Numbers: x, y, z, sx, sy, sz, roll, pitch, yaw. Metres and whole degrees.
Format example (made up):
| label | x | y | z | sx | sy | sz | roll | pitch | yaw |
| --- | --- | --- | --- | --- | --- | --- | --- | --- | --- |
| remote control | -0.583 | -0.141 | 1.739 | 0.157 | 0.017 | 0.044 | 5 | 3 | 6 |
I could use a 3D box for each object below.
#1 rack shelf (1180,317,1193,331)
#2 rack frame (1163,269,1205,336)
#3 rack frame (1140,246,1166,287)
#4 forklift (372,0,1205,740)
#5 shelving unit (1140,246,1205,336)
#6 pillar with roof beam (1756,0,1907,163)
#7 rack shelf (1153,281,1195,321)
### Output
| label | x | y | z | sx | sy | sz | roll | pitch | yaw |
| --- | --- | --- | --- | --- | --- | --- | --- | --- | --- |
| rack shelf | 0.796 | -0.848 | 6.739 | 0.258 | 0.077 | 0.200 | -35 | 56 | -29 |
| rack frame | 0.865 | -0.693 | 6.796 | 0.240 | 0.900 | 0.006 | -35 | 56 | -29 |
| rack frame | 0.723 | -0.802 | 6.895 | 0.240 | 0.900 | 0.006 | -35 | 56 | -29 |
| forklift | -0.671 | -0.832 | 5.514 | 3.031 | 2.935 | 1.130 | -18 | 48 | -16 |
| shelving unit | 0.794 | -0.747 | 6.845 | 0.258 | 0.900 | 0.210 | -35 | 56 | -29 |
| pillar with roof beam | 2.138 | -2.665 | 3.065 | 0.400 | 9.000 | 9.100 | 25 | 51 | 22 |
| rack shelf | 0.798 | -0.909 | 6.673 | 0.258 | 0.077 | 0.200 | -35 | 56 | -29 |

• • • • •

** Aim of the exercise **
Please reproduce exactly the lines in the listing above from the one containing "#2 rack frame (1163,269,1205,336)" through the one containing "#7 rack shelf (1153,281,1195,321)", both included, and nothing more.

** Expected output **
#2 rack frame (1163,269,1205,336)
#3 rack frame (1140,246,1166,287)
#4 forklift (372,0,1205,740)
#5 shelving unit (1140,246,1205,336)
#6 pillar with roof beam (1756,0,1907,163)
#7 rack shelf (1153,281,1195,321)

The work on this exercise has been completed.